[Data listing]:
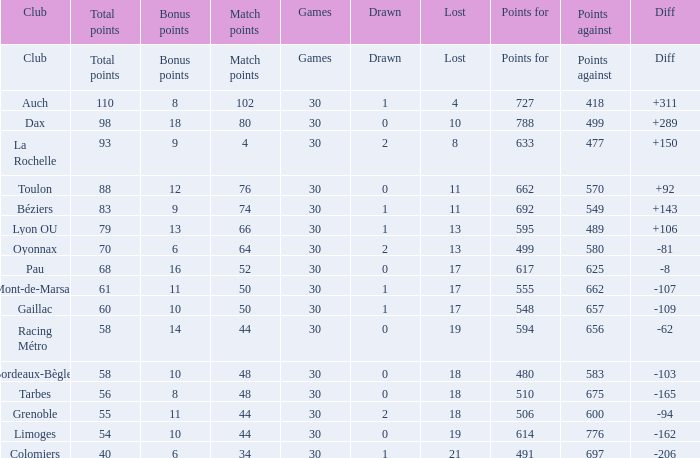What is the variation for a club holding a 662-point value? 92.0. 
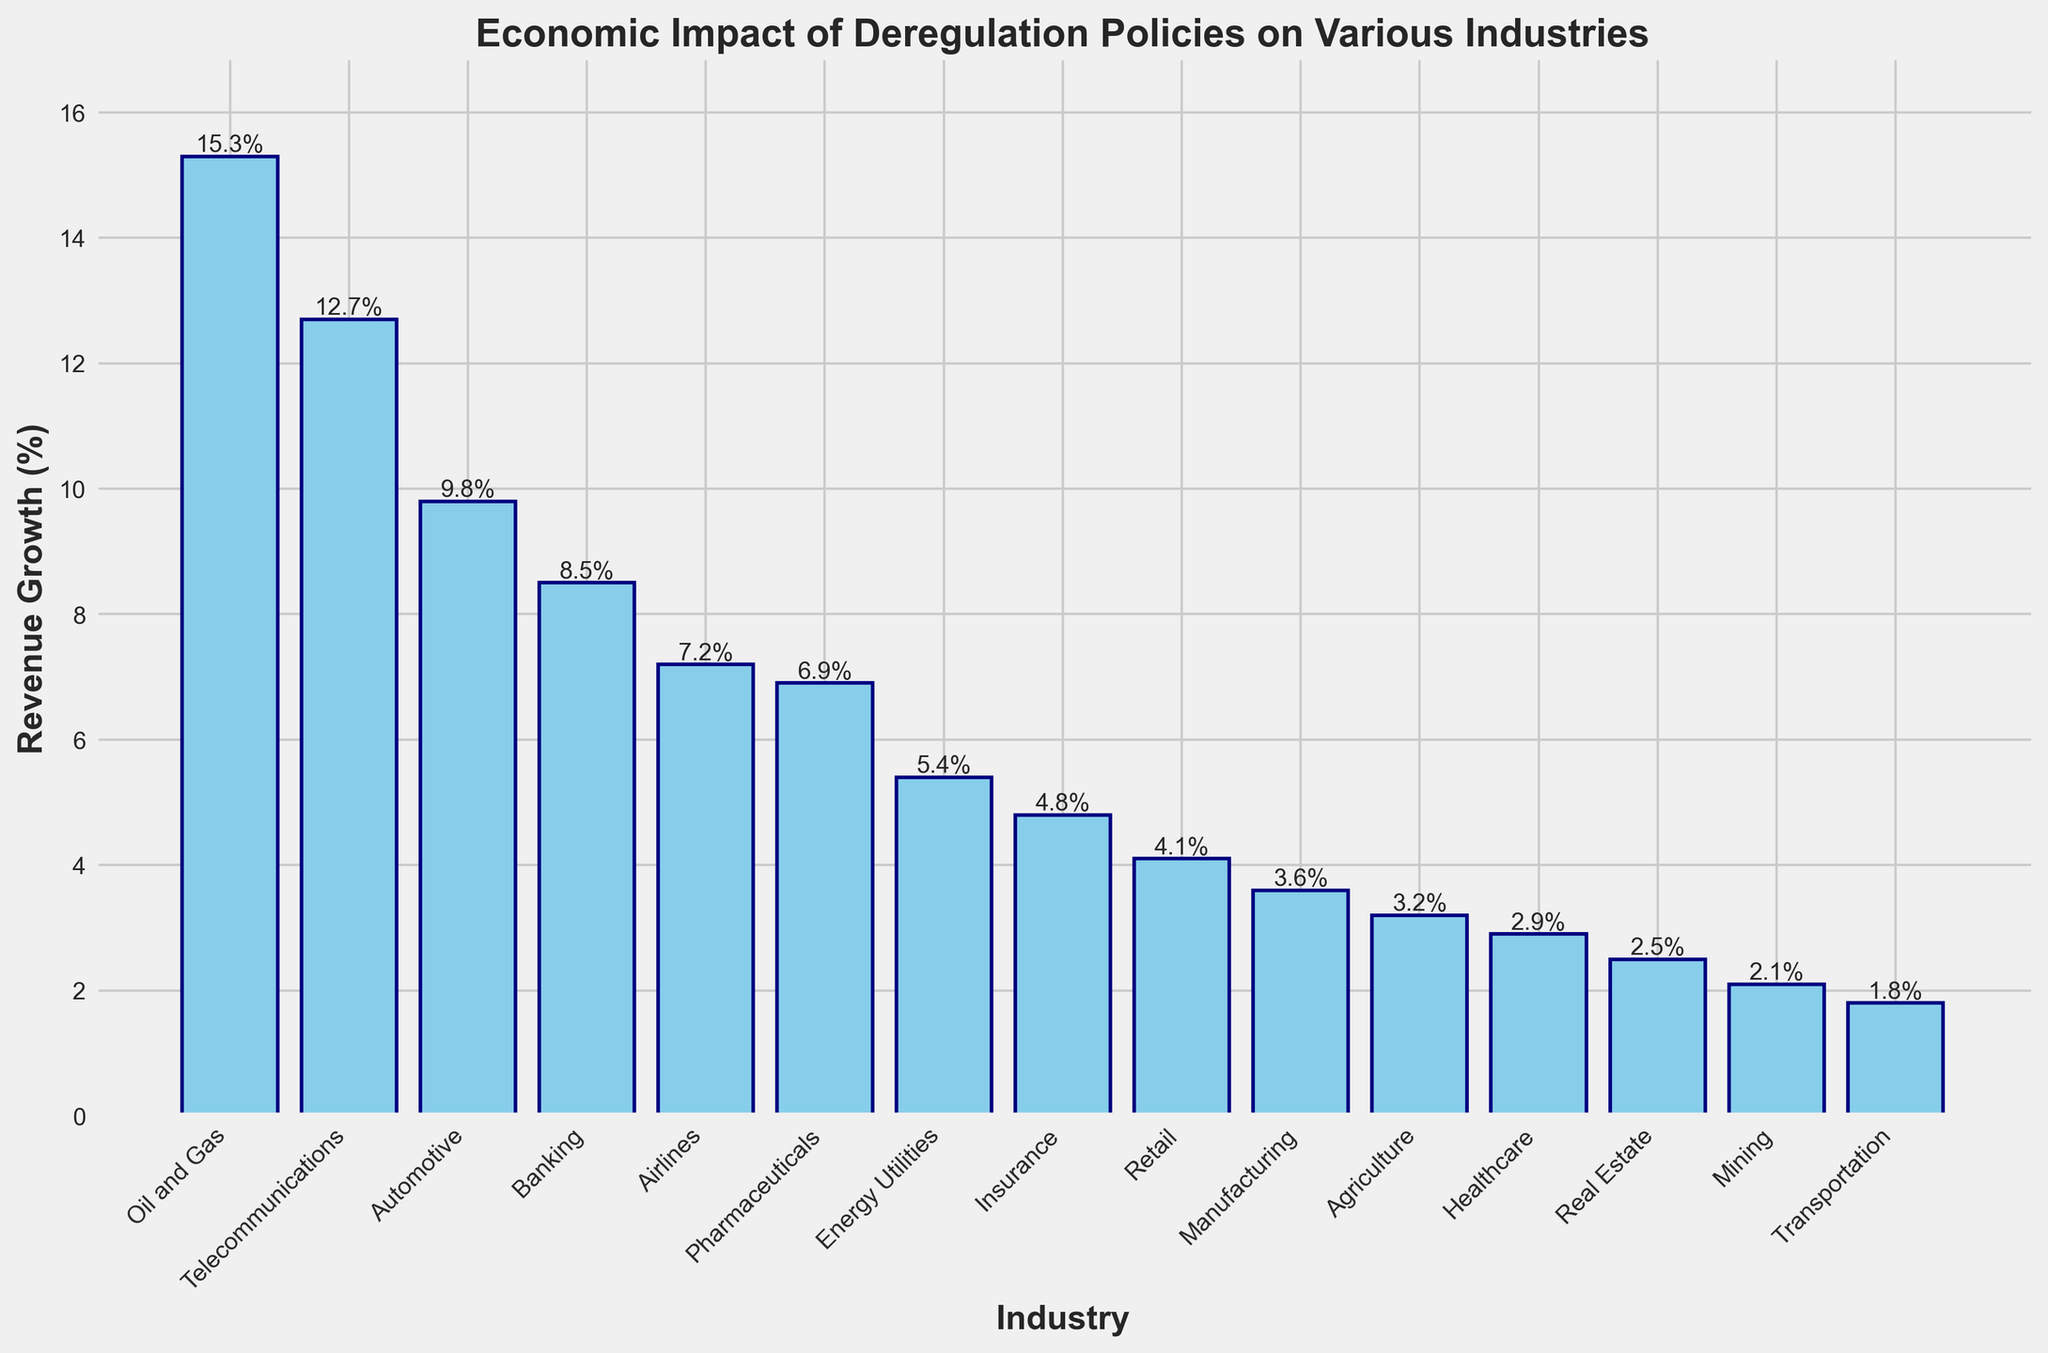Which industry has the highest revenue growth? Looking at the bar chart, the tallest bar represents the industry with the highest revenue growth. In this case, it is the Oil and Gas industry.
Answer: Oil and Gas What is the revenue growth percentage of the Telecommunications industry? Refer to the bar for Telecommunications, which shows the revenue growth percentage at the top. The value is 12.7%.
Answer: 12.7% How much greater is the revenue growth in the Automotive industry compared to the Retail industry? Subtract the revenue growth percentage of the Retail industry (4.1%) from that of the Automotive industry (9.8%). The difference is 9.8% - 4.1% = 5.7%.
Answer: 5.7% Which industries have revenue growth percentages below 5%? Identify all bars with heights less than the 5% mark. These are Manufacturing (3.6%), Agriculture (3.2%), Healthcare (2.9%), Real Estate (2.5%), Mining (2.1%), and Transportation (1.8%).
Answer: Manufacturing, Agriculture, Healthcare, Real Estate, Mining, Transportation What is the combined revenue growth percentage of the Banking and Insurance industries? Add the revenue growth percentages of Banking (8.5%) and Insurance (4.8%). The sum is 8.5% + 4.8% = 13.3%.
Answer: 13.3% What is the average revenue growth percentage for the top three industries? The top three industries are Oil and Gas (15.3%), Telecommunications (12.7%), and Automotive (9.8%). Calculate the average: (15.3% + 12.7% + 9.8%) / 3 = 12.6%.
Answer: 12.6% Is the revenue growth in the Healthcare industry higher or lower than in Real Estate? Compare the heights of the bars representing Healthcare (2.9%) and Real Estate (2.5%). Healthcare is higher.
Answer: Higher How many industries have a revenue growth percentage greater than 10%? Count the number of bars with heights above the 10% line. These are Oil and Gas (15.3%) and Telecommunications (12.7%). There are 2 such industries.
Answer: 2 Rank the industries with the three lowest revenue growth percentages. Identify the three industries with the smallest bars. These are Transportation (1.8%), Mining (2.1%), and Real Estate (2.5%), in ascending order.
Answer: Transportation, Mining, Real Estate What's the difference in revenue growth between the highest and lowest performing industries? Subtract the growth percentage of the lowest performing industry (Transportation, 1.8%) from that of the highest performing industry (Oil and Gas, 15.3%). The difference is 15.3% - 1.8% = 13.5%.
Answer: 13.5% 
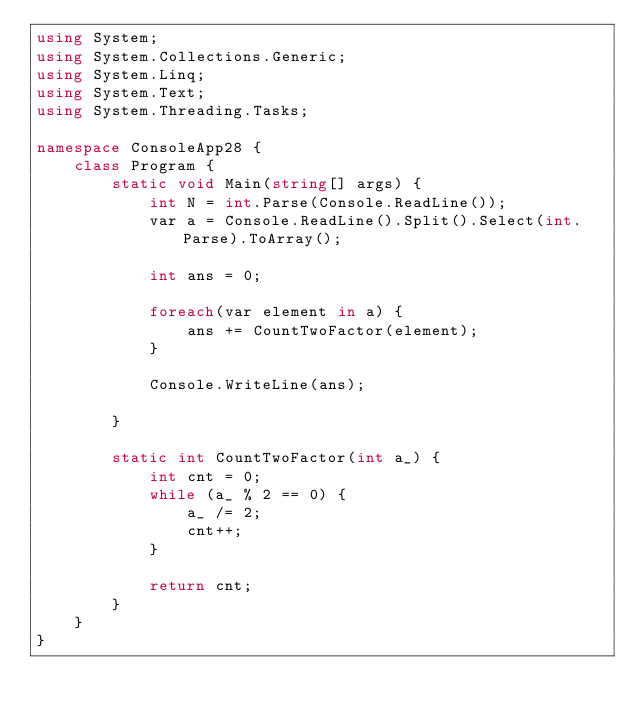Convert code to text. <code><loc_0><loc_0><loc_500><loc_500><_C#_>using System;
using System.Collections.Generic;
using System.Linq;
using System.Text;
using System.Threading.Tasks;

namespace ConsoleApp28 {
    class Program {
        static void Main(string[] args) {
            int N = int.Parse(Console.ReadLine());
            var a = Console.ReadLine().Split().Select(int.Parse).ToArray();

            int ans = 0;

            foreach(var element in a) {
                ans += CountTwoFactor(element);
            }

            Console.WriteLine(ans);

        }

        static int CountTwoFactor(int a_) {
            int cnt = 0;
            while (a_ % 2 == 0) {
                a_ /= 2;
                cnt++;
            }

            return cnt;
        }
    }
}
</code>

[Task statement]: Instruction for this listing: copy it exactly, but leave the images behind.

[Answer space]:
What is the variation for a club holding a 662-point value? 92.0. 
Which industry has the highest revenue growth? Looking at the bar chart, the tallest bar represents the industry with the highest revenue growth. In this case, it is the Oil and Gas industry.
Answer: Oil and Gas What is the revenue growth percentage of the Telecommunications industry? Refer to the bar for Telecommunications, which shows the revenue growth percentage at the top. The value is 12.7%.
Answer: 12.7% How much greater is the revenue growth in the Automotive industry compared to the Retail industry? Subtract the revenue growth percentage of the Retail industry (4.1%) from that of the Automotive industry (9.8%). The difference is 9.8% - 4.1% = 5.7%.
Answer: 5.7% Which industries have revenue growth percentages below 5%? Identify all bars with heights less than the 5% mark. These are Manufacturing (3.6%), Agriculture (3.2%), Healthcare (2.9%), Real Estate (2.5%), Mining (2.1%), and Transportation (1.8%).
Answer: Manufacturing, Agriculture, Healthcare, Real Estate, Mining, Transportation What is the combined revenue growth percentage of the Banking and Insurance industries? Add the revenue growth percentages of Banking (8.5%) and Insurance (4.8%). The sum is 8.5% + 4.8% = 13.3%.
Answer: 13.3% What is the average revenue growth percentage for the top three industries? The top three industries are Oil and Gas (15.3%), Telecommunications (12.7%), and Automotive (9.8%). Calculate the average: (15.3% + 12.7% + 9.8%) / 3 = 12.6%.
Answer: 12.6% Is the revenue growth in the Healthcare industry higher or lower than in Real Estate? Compare the heights of the bars representing Healthcare (2.9%) and Real Estate (2.5%). Healthcare is higher.
Answer: Higher How many industries have a revenue growth percentage greater than 10%? Count the number of bars with heights above the 10% line. These are Oil and Gas (15.3%) and Telecommunications (12.7%). There are 2 such industries.
Answer: 2 Rank the industries with the three lowest revenue growth percentages. Identify the three industries with the smallest bars. These are Transportation (1.8%), Mining (2.1%), and Real Estate (2.5%), in ascending order.
Answer: Transportation, Mining, Real Estate What's the difference in revenue growth between the highest and lowest performing industries? Subtract the growth percentage of the lowest performing industry (Transportation, 1.8%) from that of the highest performing industry (Oil and Gas, 15.3%). The difference is 15.3% - 1.8% = 13.5%.
Answer: 13.5% 
Convert code to text. <code><loc_0><loc_0><loc_500><loc_500><_C#_>using System;
using System.Collections.Generic;
using System.Linq;
using System.Text;
using System.Threading.Tasks;

namespace ConsoleApp28 {
    class Program {
        static void Main(string[] args) {
            int N = int.Parse(Console.ReadLine());
            var a = Console.ReadLine().Split().Select(int.Parse).ToArray();

            int ans = 0;

            foreach(var element in a) {
                ans += CountTwoFactor(element);
            }

            Console.WriteLine(ans);

        }

        static int CountTwoFactor(int a_) {
            int cnt = 0;
            while (a_ % 2 == 0) {
                a_ /= 2;
                cnt++;
            }

            return cnt;
        }
    }
}
</code>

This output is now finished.